Strawberry Hill also has largely avoided the staffing shortages plaguing mental health facilities by being located in an urban area with a larger number of potential employees.

“We’ve been able to hire people from the community, which also pours money back into the community,” Lauren Lucht, executive director of mental and behavioral health for TUKH, told Reasons to be Cheerful. “And so there’s really a win-win there for keeping your patients, your employees and the revenue within your county and the community that you’re really partnering with to serve.”

Testimonials

  • We have now multiple generations that have grown up, that are growing up, thinking and knowing that it’s normal and okay to treat your mental health as importantly as your physical health. We’re raising generations of kids who understand that a broken heart is not any less real than a broken arm.

    Lauren Lucht Executive Director of Mental and Behavioral Health for The University of Kansas Health

Galvanizing community support for an inpatient mental health facility in their backyard was challenging at first. Our design team worked with TUKH, local government and community organizations to hold community sessions to talk about the project, patient care, security and more. Building neighbors’ support was its own de-stigmatization process.

“They were a little bit nervous about a psychiatric hospital coming to town,” Lucht added. “That conjures up for people a lot of things that they’ve seen on TV that don’t depict the reality of what psychiatric healthcare in 2022 looks like.”

Lac Drone Overhead
Restorative Care Village 2

Mental healthcare has changed significantly in the past decades, and even in the past few years as the national mental health crisis has grown due to the pandemic. Telemedicine has provided more resources for those needing therapy or group support. Still, the inpatient care Strawberry Hill provides is critical in stabilizing patients and getting them to a place where they can rejoin their regular lives or make a fresh start. Having grocery stores, cafes, housing and other normal aspects of everyday life right outside its doors goes a long way towards normalizing this care.

Strawberry Hill is far from alone too. Other important mental and behavioral health projects across the country are also embracing this reality and elevating care. The Los Angeles County (LAC) + University of Southern California (USC) Restorative Care Village is an incredible new space that works to help Los Angeles' unhoused population, many of whom face mental health challenges. The building is deeply integrated into the the community fabric with public courtyards, community art and more.
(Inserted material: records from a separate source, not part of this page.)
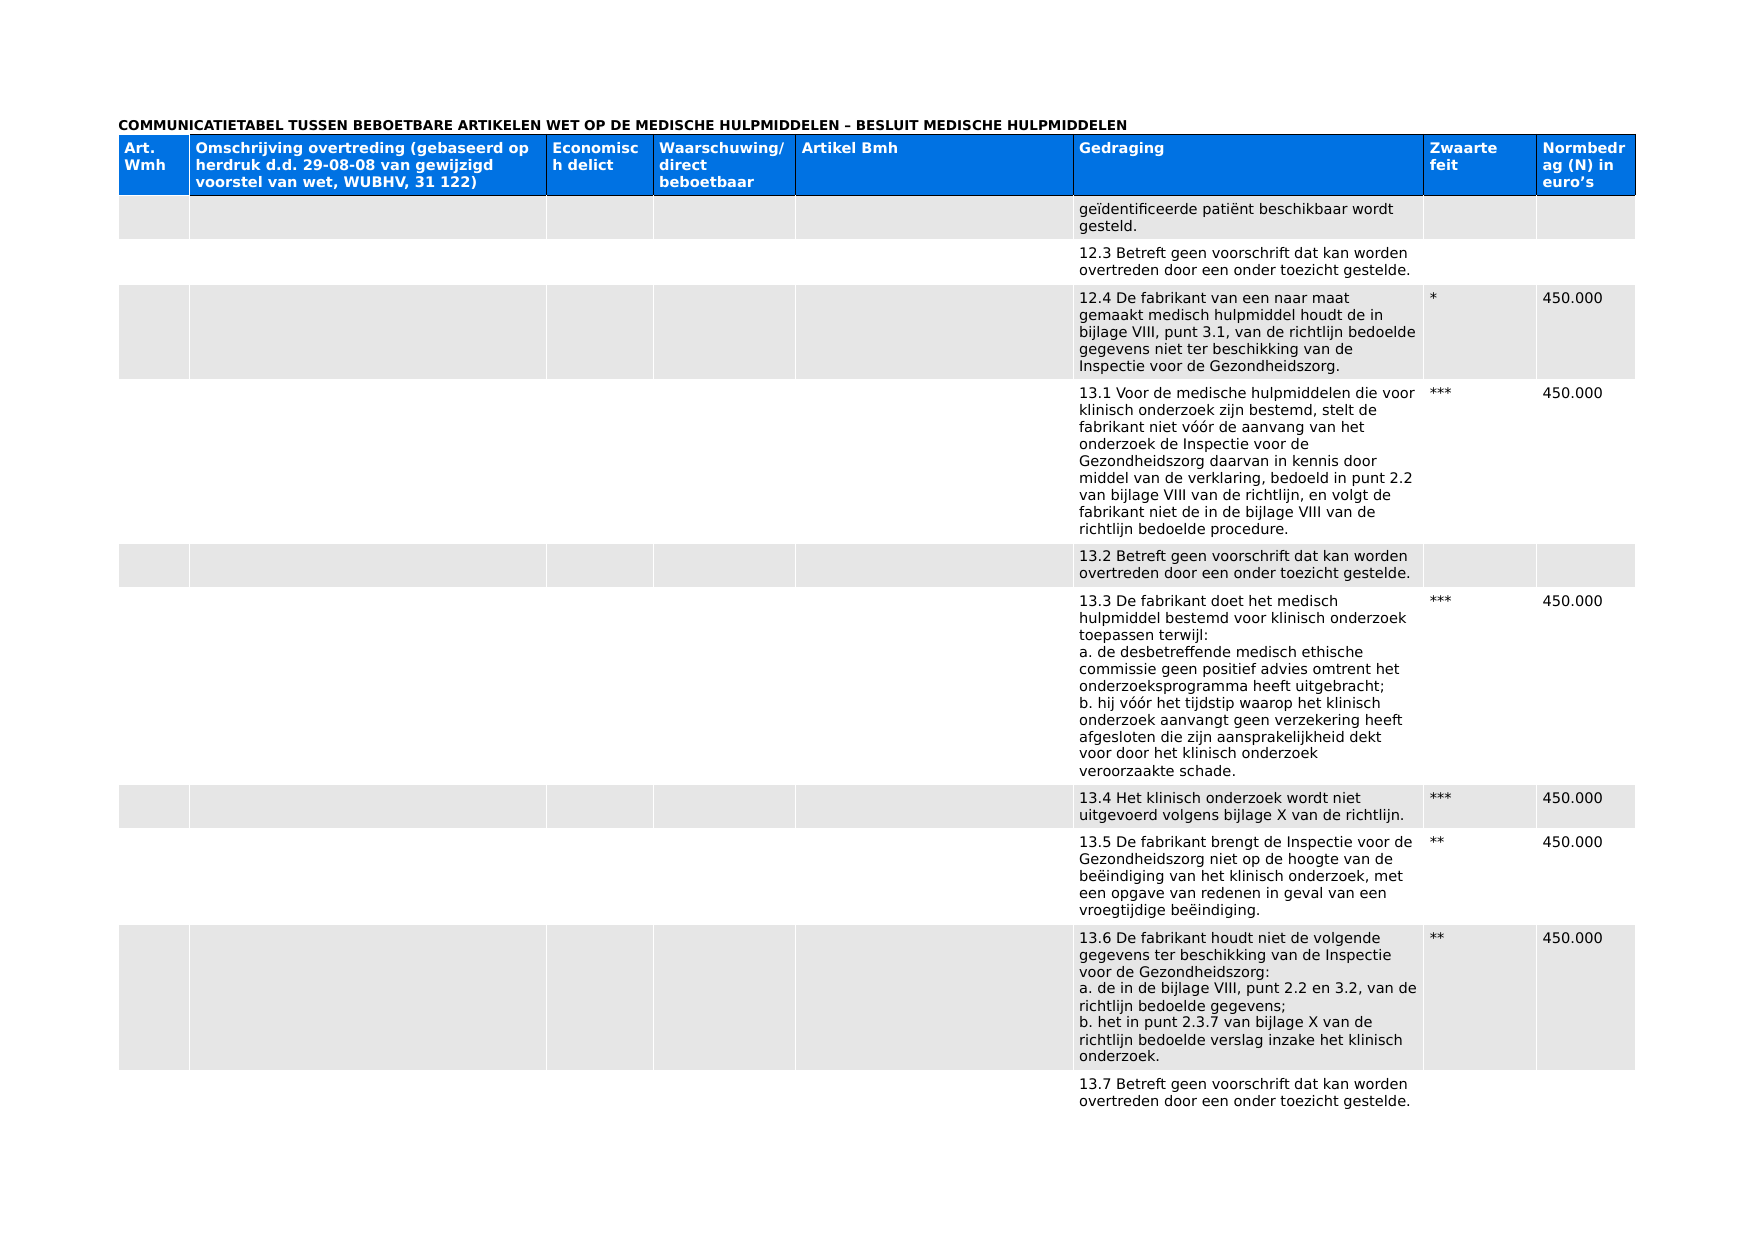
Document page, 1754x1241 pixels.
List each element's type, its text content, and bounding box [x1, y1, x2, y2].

table_cell [1424, 544, 1536, 587]
table_cell [190, 1071, 546, 1114]
table_cell [190, 588, 546, 784]
table_cell [654, 1071, 795, 1114]
table_cell [654, 925, 795, 1070]
table_cell [654, 241, 795, 284]
table_cell [1424, 1071, 1536, 1114]
table_cell [796, 1071, 1073, 1114]
table_cell 450.000 [1537, 285, 1635, 379]
table_cell [190, 925, 546, 1070]
table_cell * [1424, 285, 1536, 379]
table_cell [1537, 544, 1635, 587]
table_cell Waarschuwing/direct beboetbaar [654, 135, 795, 195]
table_cell geïdentificeerde patiënt beschikbaar wordt gesteld. [1074, 196, 1423, 239]
table_cell [119, 830, 189, 924]
table_cell [547, 196, 653, 239]
table_cell 13.6 De fabrikant houdt niet de volgende gegevens ter beschikking van de Inspectie voor de Gezondheidszorg: a. de in de bijlage VIII, punt 2.2 en 3.2, van de richtlijn bedoelde gegevens; b. het in punt 2.3.7 van bijlage X van de richtlijn bedoelde verslag inzake het klinisch onderzoek. [1074, 925, 1423, 1070]
table_cell [654, 285, 795, 379]
table_cell [1537, 196, 1635, 239]
table_cell 13.2 Betreft geen voorschrift dat kan worden overtreden door een onder toezicht gestelde. [1074, 544, 1423, 587]
table_cell [796, 241, 1073, 284]
table_cell Omschrijving overtreding (gebaseerd op herdruk d.d. 29-08-08 van gewijzigd voorstel van wet, WUBHV, 31 122) [190, 135, 546, 195]
table_cell [190, 285, 546, 379]
table_cell [547, 588, 653, 784]
table_header COMMUNICATIETABEL TUSSEN BEBOETBARE ARTIKELEN WET OP DE MEDISCHE HULPMIDDELEN – BESLUIT MEDISCHE HULPMIDDELEN [118, 118, 1636, 134]
table_cell [190, 830, 546, 924]
table_cell [547, 1071, 653, 1114]
table_cell 13.5 De fabrikant brengt de Inspectie voor de Gezondheidszorg niet op de hoogte van de beëindiging van het klinisch onderzoek, met een opgave van redenen in geval van een vroegtijdige beëindiging. [1074, 830, 1423, 924]
table_cell [654, 196, 795, 239]
table_cell 13.3 De fabrikant doet het medisch hulpmiddel bestemd voor klinisch onderzoek toepassen terwijl: a. de desbetreffende medisch ethische commissie geen positief advies omtrent het onderzoeksprogramma heeft uitgebracht; b. hij vóór het tijdstip waarop het klinisch onderzoek aanvangt geen verzekering heeft afgesloten die zijn aansprakelijkheid dekt voor door het klinisch onderzoek veroorzaakte schade. [1074, 588, 1423, 784]
table_cell [796, 830, 1073, 924]
table_cell [190, 380, 546, 542]
table_cell [796, 380, 1073, 542]
table_cell [796, 925, 1073, 1070]
table_cell Economisch delict [547, 135, 653, 195]
table_cell [547, 285, 653, 379]
table_cell 450.000 [1537, 830, 1635, 924]
table_cell Gedraging [1074, 135, 1423, 195]
table_cell 13.4 Het klinisch onderzoek wordt niet uitgevoerd volgens bijlage X van de richtlijn. [1074, 785, 1423, 828]
table_cell Artikel Bmh [796, 135, 1073, 195]
table_cell [1424, 241, 1536, 284]
table_cell 12.4 De fabrikant van een naar maat gemaakt medisch hulpmiddel houdt de in bijlage VIII, punt 3.1, van de richtlijn bedoelde gegevens niet ter beschikking van de Inspectie voor de Gezondheidszorg. [1074, 285, 1423, 379]
table_cell [654, 544, 795, 587]
table_cell [654, 830, 795, 924]
table_cell [1537, 241, 1635, 284]
table_cell 12.3 Betreft geen voorschrift dat kan worden overtreden door een onder toezicht gestelde. [1074, 241, 1423, 284]
table_cell [547, 830, 653, 924]
table_cell [119, 588, 189, 784]
table_cell *** [1424, 785, 1536, 828]
table_cell Zwaarte feit [1424, 135, 1536, 195]
table_cell [796, 285, 1073, 379]
table_cell *** [1424, 380, 1536, 542]
table_cell [796, 785, 1073, 828]
table_cell [1424, 196, 1536, 239]
table_cell [190, 785, 546, 828]
table_cell [547, 544, 653, 587]
table_cell 450.000 [1537, 785, 1635, 828]
table_cell 13.1 Voor de medische hulpmiddelen die voor klinisch onderzoek zijn bestemd, stelt de fabrikant niet vóór de aanvang van het onderzoek de Inspectie voor de Gezondheidszorg daarvan in kennis door middel van de verklaring, bedoeld in punt 2.2 van bijlage VIII van de richtlijn, en volgt de fabrikant niet de in de bijlage VIII van de richtlijn bedoelde procedure. [1074, 380, 1423, 542]
table_cell [119, 241, 189, 284]
table_cell 450.000 [1537, 925, 1635, 1070]
table_cell 450.000 [1537, 588, 1635, 784]
table_cell [654, 588, 795, 784]
table_cell [654, 380, 795, 542]
table_cell [119, 285, 189, 379]
table_cell 13.7 Betreft geen voorschrift dat kan worden overtreden door een onder toezicht gestelde. [1074, 1071, 1423, 1114]
table_cell [190, 196, 546, 239]
table_cell [654, 785, 795, 828]
table_cell *** [1424, 588, 1536, 784]
table_cell [796, 196, 1073, 239]
table_cell [119, 196, 189, 239]
table_cell [547, 925, 653, 1070]
table_cell [796, 544, 1073, 587]
table_cell Normbedrag (N) in euro’s [1537, 135, 1635, 195]
table_cell [119, 785, 189, 828]
table_cell [547, 785, 653, 828]
table_cell [190, 241, 546, 284]
table_cell [1537, 1071, 1635, 1114]
table_cell 450.000 [1537, 380, 1635, 542]
table_cell [547, 380, 653, 542]
table_cell [119, 380, 189, 542]
table_cell [119, 1071, 189, 1114]
table_cell ** [1424, 830, 1536, 924]
table_cell [796, 588, 1073, 784]
table_cell [190, 544, 546, 587]
table_cell [119, 544, 189, 587]
table_cell ** [1424, 925, 1536, 1070]
table_cell Art. Wmh [119, 135, 189, 195]
table_cell [119, 925, 189, 1070]
table_cell [547, 241, 653, 284]

For both these projects and others, staff hope that they will be able to add other health services, social resources or spaces that will welcome its neighbors into the facility and truly integrate it into the fabric of the community. 

“We have now multiple generations that have grown up, that are growing up, thinking and knowing that it’s normal and okay to treat your mental health as importantly as your physical health,” Lucht says. “We’re raising generations of kids who understand that a broken heart is not any less real than a broken arm.”